Access earnings results, analyst expectations, report, slides, earnings call, and transcript.

Overview

The earnings call reveals a mixed sentiment. While there are positives like record high transported volumes and debt reduction, concerns arise from increased net debt, reduced interest coverage ratio, and unclear guidance on divestments and profitability improvements. The Q&A section highlights management's reluctance to provide concrete timelines and specific actions, adding uncertainty. Despite some positive catalysts like strong EBITDA and cash position, the lack of clear guidance and potential dilution of key investments like Raizen temper the outlook, leading to a neutral prediction for stock price movement over the next two weeks.

Key Financial Performance

Net Loss BRL 1.6 billion, an improvement of BRL 0.2 billion versus Q1 '25. This improvement reflects an impact of approximately BRL 1 billion related to the prepayment of the 2029, '30, and '31 bonds recorded in financial results and deferred income tax lines with no cash effect, partially offset by the improved performance of the portfolio.

Expanded Net Debt Increased 18% quarter-on-quarter due to the absence of relevant dividends in the period and the effect of the debt prepayments carried out throughout the quarter. However, it decreased 34% year-over-year, reflecting the proceeds from the capital increase received in the last quarter of 2025.

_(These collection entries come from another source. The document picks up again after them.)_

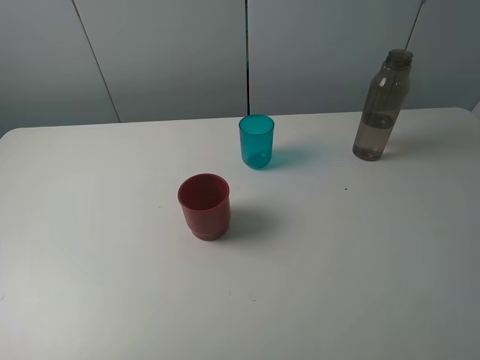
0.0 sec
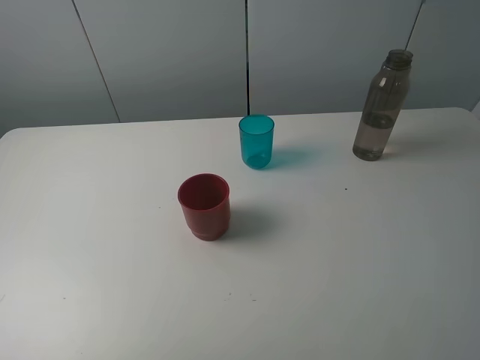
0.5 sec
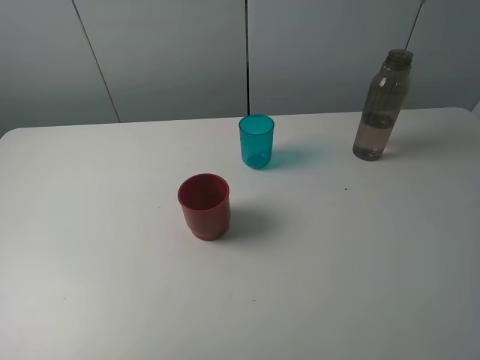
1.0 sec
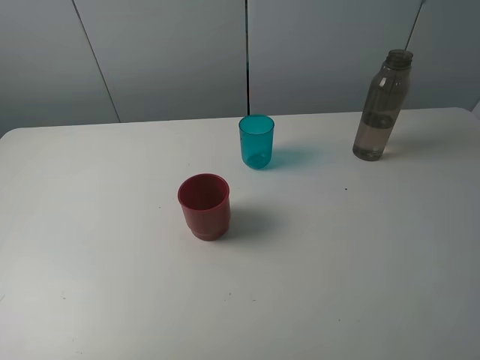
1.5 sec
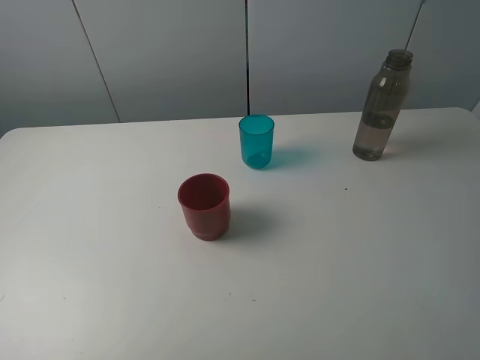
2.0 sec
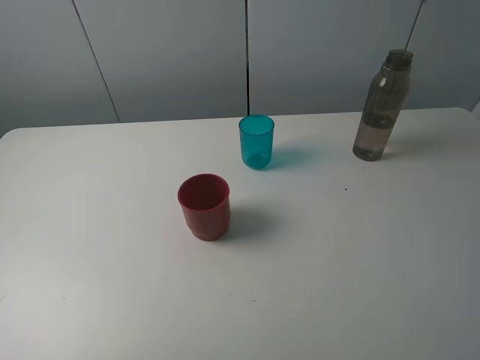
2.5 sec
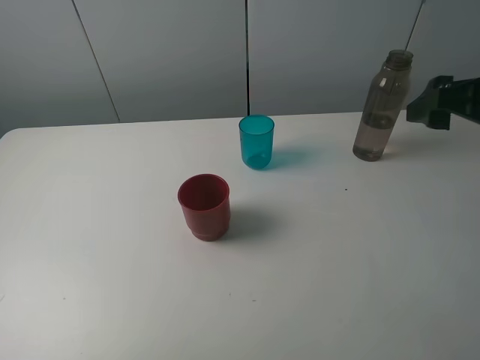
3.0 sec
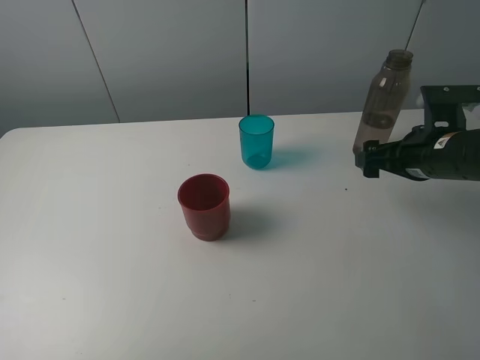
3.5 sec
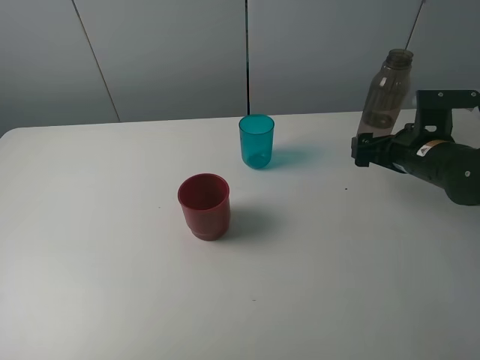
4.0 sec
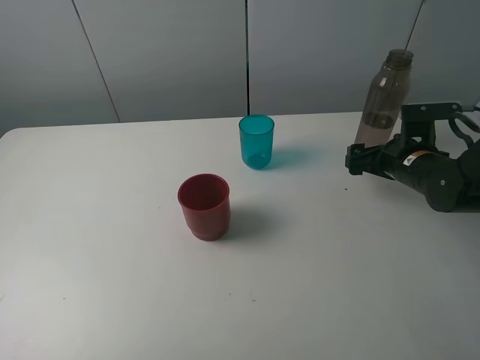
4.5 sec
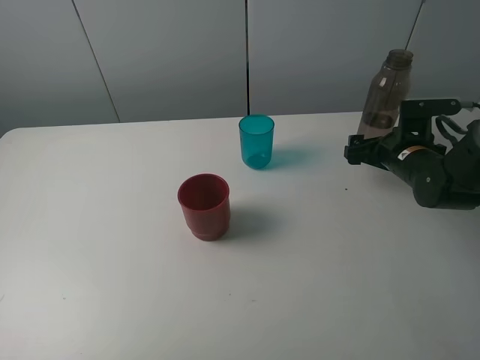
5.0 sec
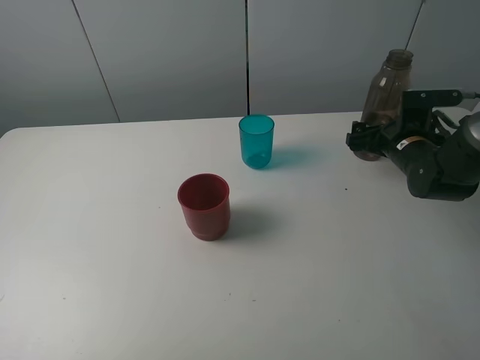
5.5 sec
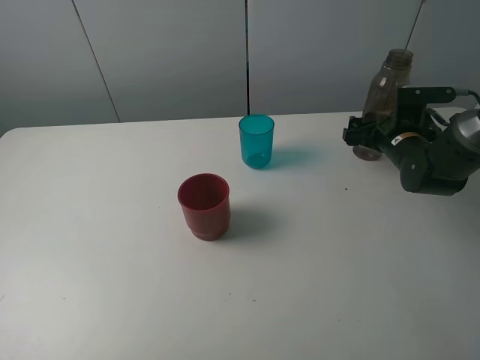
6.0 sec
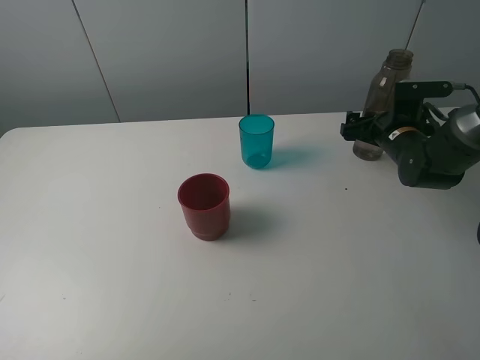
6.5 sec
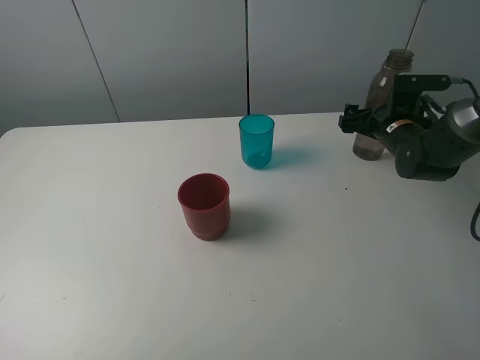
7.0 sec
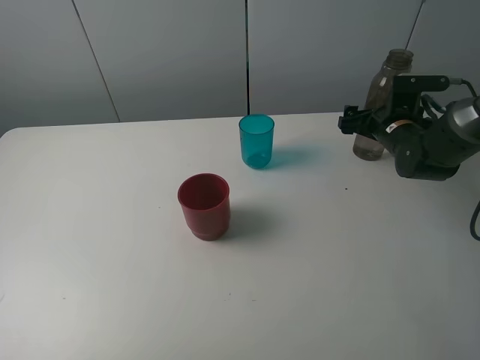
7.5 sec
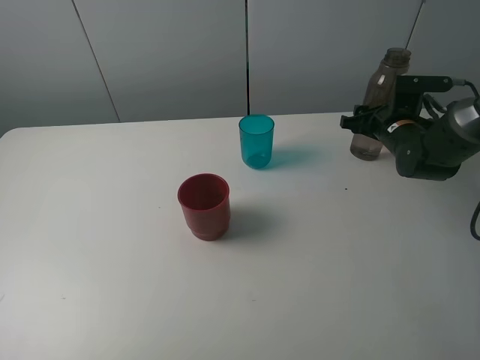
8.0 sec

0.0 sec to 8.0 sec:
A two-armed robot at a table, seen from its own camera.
Task of the whole recording: pick up the bottle and pour water into the cup, then pick up the cup containing water and pour it into another cup.
Step, 0.0 sec to 7.5 sec: Grasp the brown bottle with the right gripper.
0.0 sec to 2.0 sec: Both grippers stay about where they are.
2.0 sec to 4.0 sec: The right gripper shifts about 35 cm forward and downward.
4.0 sec to 6.0 sec: The right gripper shifts approximately 5 cm forward.
6.0 sec to 8.0 sec: The right gripper closes its fingers.

Interest Coverage Ratio 0.4x versus 0.9x in the previous quarter. The decrease was mainly explained by lower dividend receipts over the last 12 months, as the effect of Compass' capital reduction, which had positively impacted the indicator, no longer contributed to the numerator of this metric.

Rumo Transported Volumes Record transported volumes, up 25% year-over-year, driven by strong performance of the Northern operation, which contributed to the dilution of fixed costs and expenses as well as market share gains in its operating regions, especially at the Port of Santos.

Rumo EBITDA 7% higher than in Q1 '25, supported by record transported volumes and operational efficiencies.

Compass Distributed Gas Volumes Slightly higher year-over-year, with EBITDA up 2% versus Q1 '25, supported by an improved distribution mix and higher volumes at Edge, as well as the startup of new off-grid B2B LNG operations and OneBio's biomethane plant.

Moove Lubricant Sales 10% increase year-over-year, mainly in South America, resulting in EBITDA slightly above the prior year period, supported by continued market share recovery, reaching 16.4% in Brazil.

Radar EBITDA Decreased 27% versus Q1 '25, largely reflecting lower ATR and soybean prices.

Cash Position BRL 7.7 billion at the end of the quarter, reflecting a solid cash position after significant debt reductions.

Expanded Gross Debt Reduced by BRL 6.5 billion, extending the average maturity to 6.1 years, with an average cost of debt (excluding the perpetual bond) at CDI plus 1.15% per year.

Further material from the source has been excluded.